EXERCISE REQUIREMENTS >>
In the data below, find the line with "table_cell 0.99953 [859, 728, 1003, 758]" and output it along with every later line, exactly, but not the pictures.

DATA IN THIS EXERCISE >>
◇ ◇ ◇
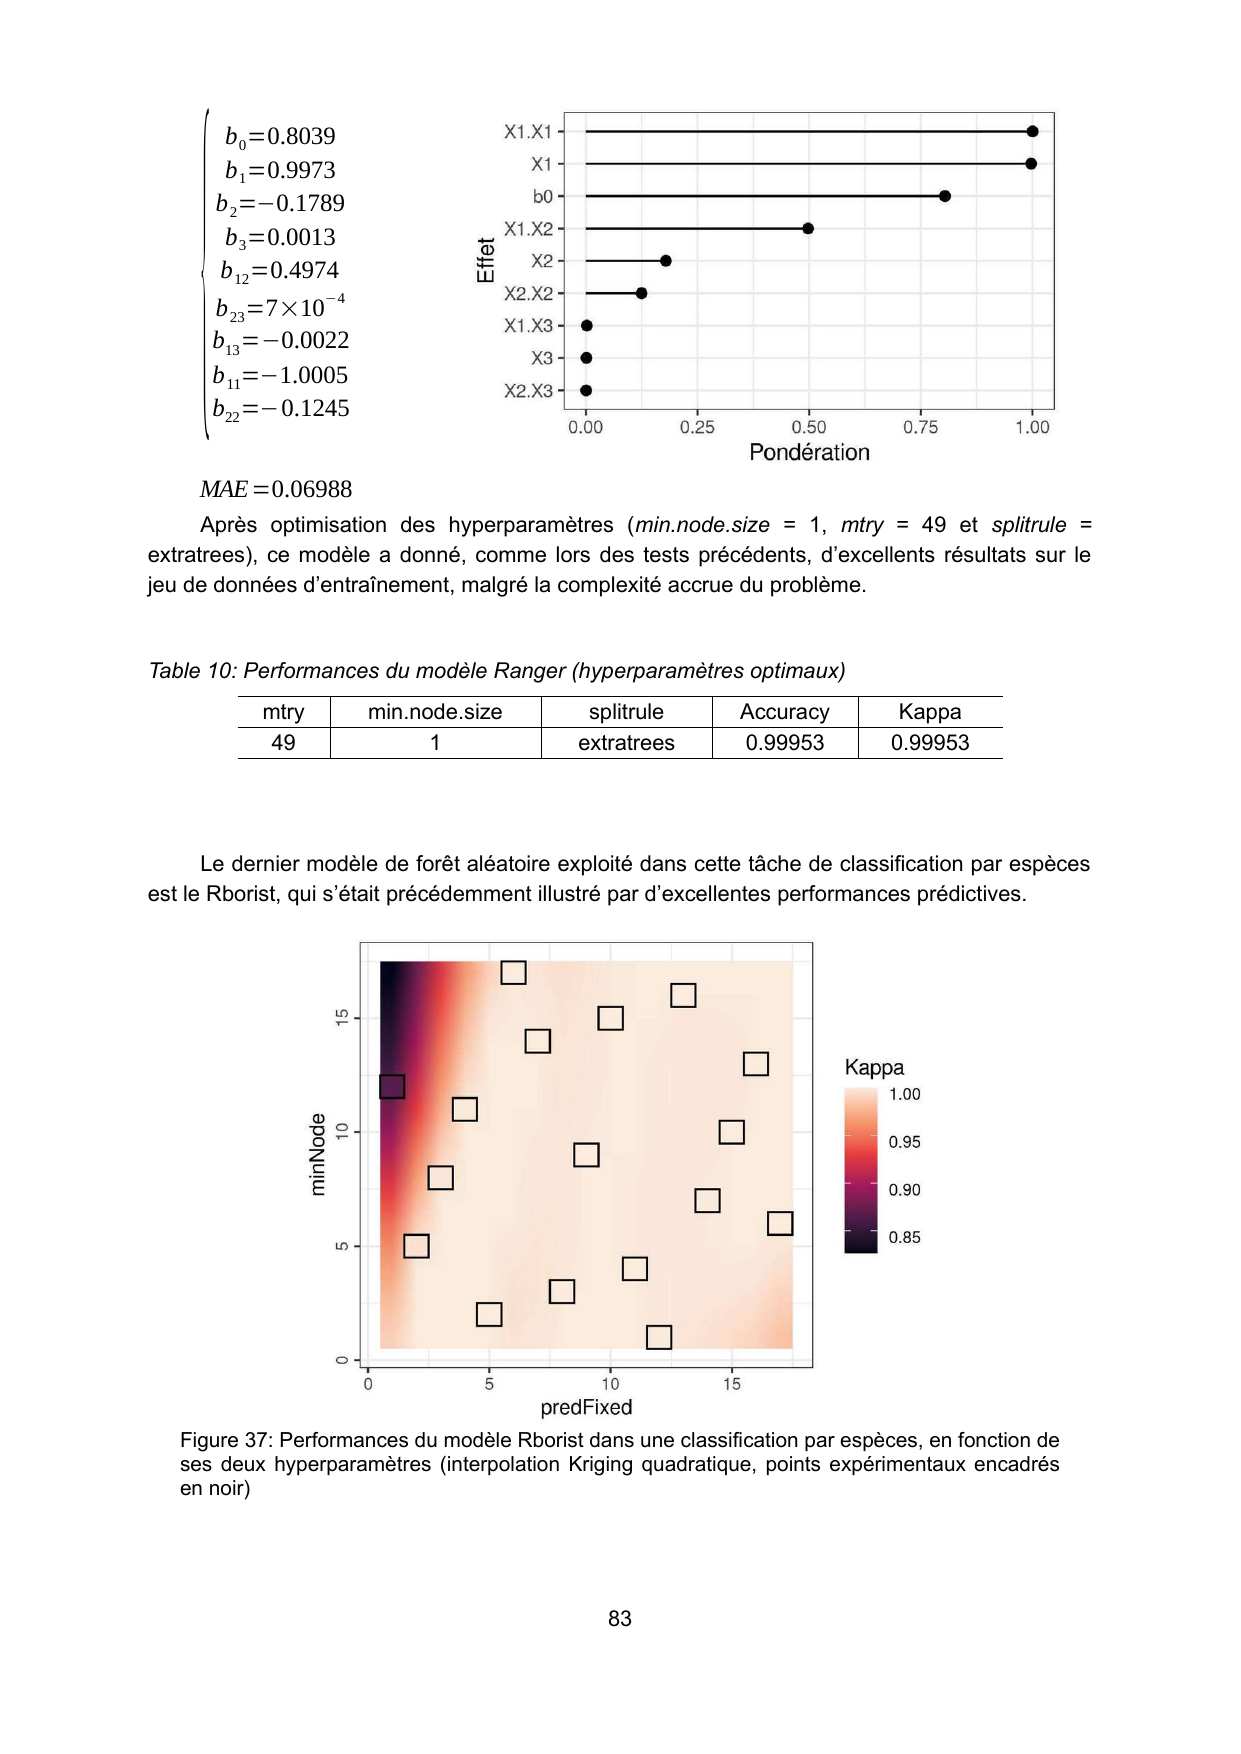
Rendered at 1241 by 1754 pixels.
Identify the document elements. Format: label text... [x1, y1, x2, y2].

table_header splitrule [542, 697, 712, 727]
text Figure 37: Performances du modèle Rborist dans une classification par espèces, en fonction de ses deux hyperparamètres (interpolation Kriging quadratique, points expérimentaux encadrés en noir) [180, 1425, 1061, 1500]
text Après optimisation des hyperparamètres (min.node.size = 1, mtry = 49 et splitrule = extratrees), ce modèle a donné, comme lors des tests précédents, d’excellents résultats sur le jeu de données d’entraînement, malgré la complexité accrue du problème. [148, 512, 1093, 597]
table_header Accuracy [713, 697, 858, 727]
table_header min.node.size [331, 697, 541, 727]
table_cell 0.99953 [713, 728, 858, 758]
table_cell 1 [331, 728, 541, 758]
table_cell extratrees [542, 728, 712, 758]
table_cell 49 [238, 728, 330, 758]
table_header Kappa [859, 697, 1003, 727]
text Table 10: Performances du modèle Ranger (hyperparamètres optimaux) [148, 658, 1093, 683]
table_cell 0.99953 [859, 728, 1003, 758]
picture [465, 100, 1066, 476]
table_header mtry [238, 697, 330, 727]
picture [298, 931, 942, 1429]
text Le dernier modèle de forêt aléatoire exploité dans cette tâche de classification par espèces est le Rborist, qui s’était précédemment illustré par d’excellentes performances prédictives. [148, 850, 1093, 906]
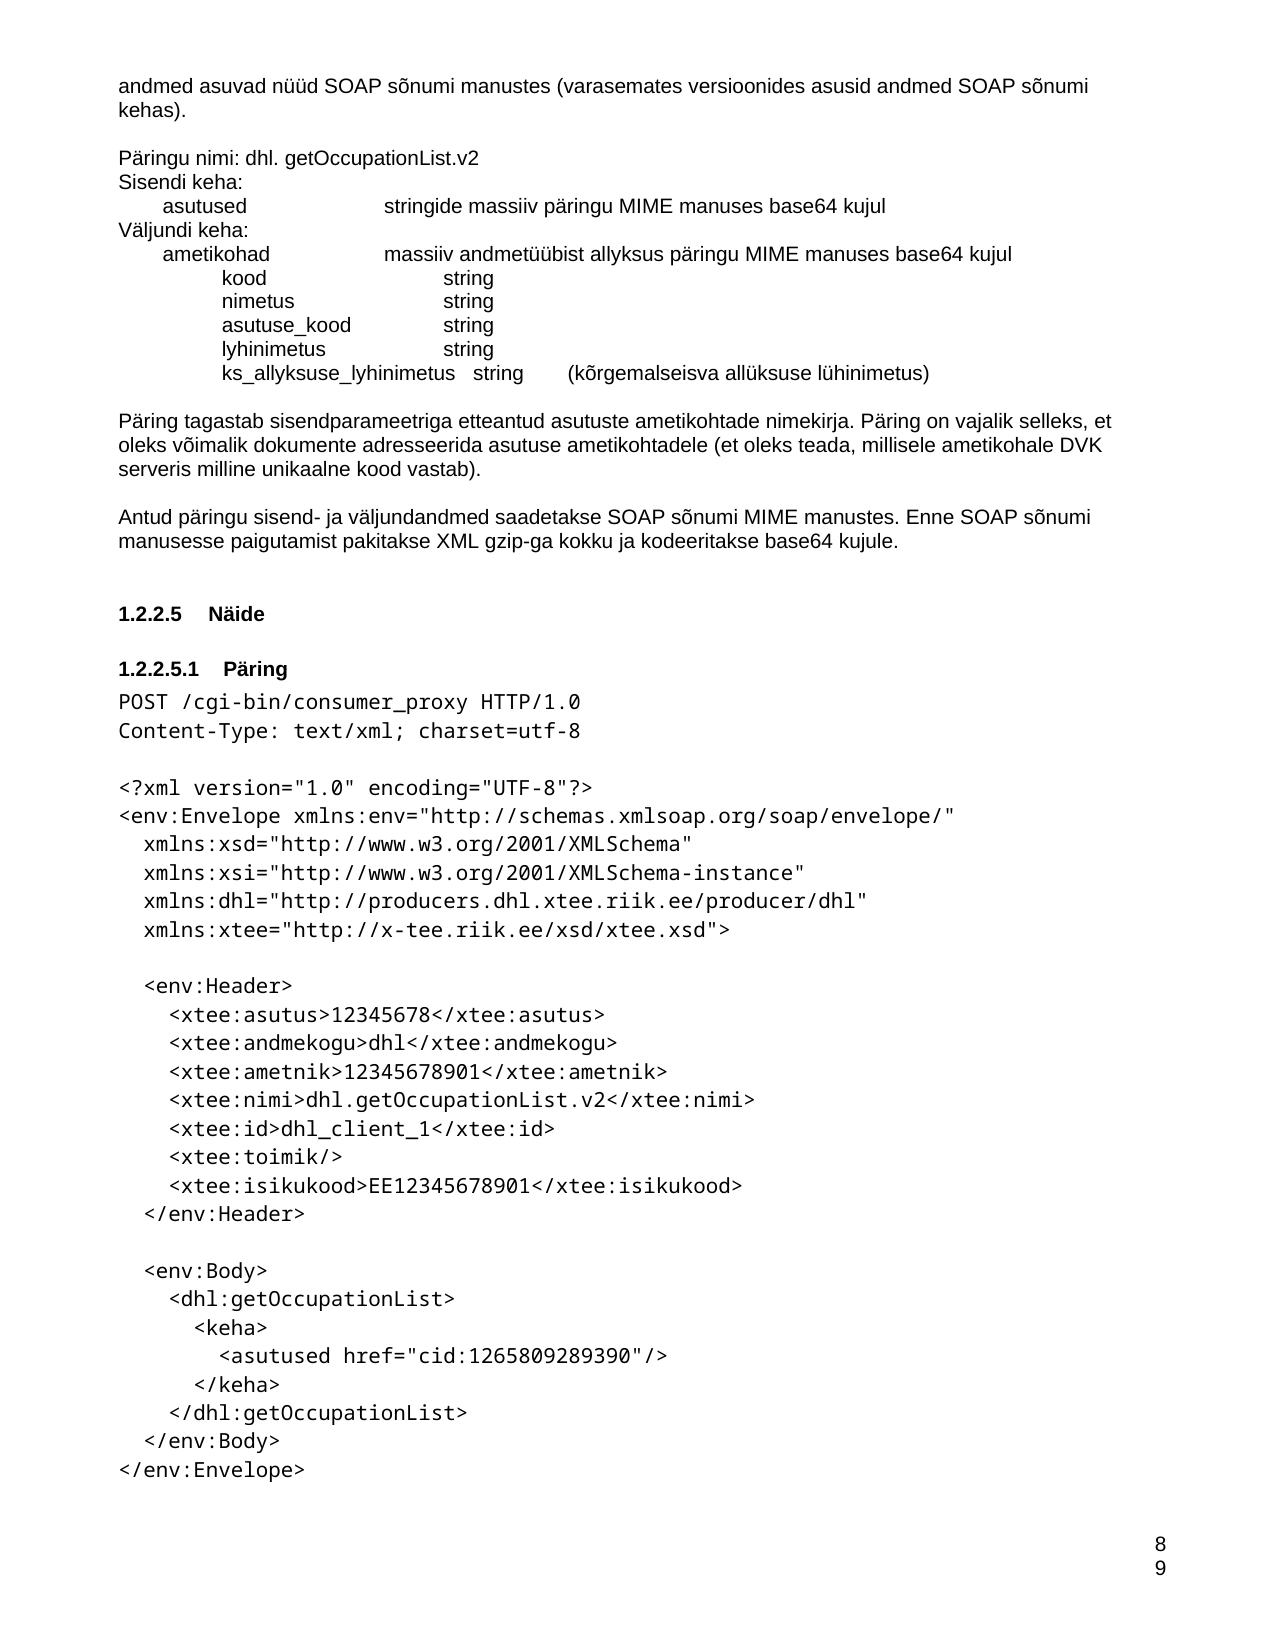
◇ ◇ ◇
RESULT FOR THIS TASK >>
table_cell 0.99953 [859, 728, 1003, 758]
picture [465, 100, 1066, 476]
table_header mtry [238, 697, 330, 727]
picture [298, 931, 942, 1429]
text Le dernier modèle de forêt aléatoire exploité dans cette tâche de classification par espèces est le Rborist, qui s’était précédemment illustré par d’excellentes performances prédictives. [148, 850, 1093, 906]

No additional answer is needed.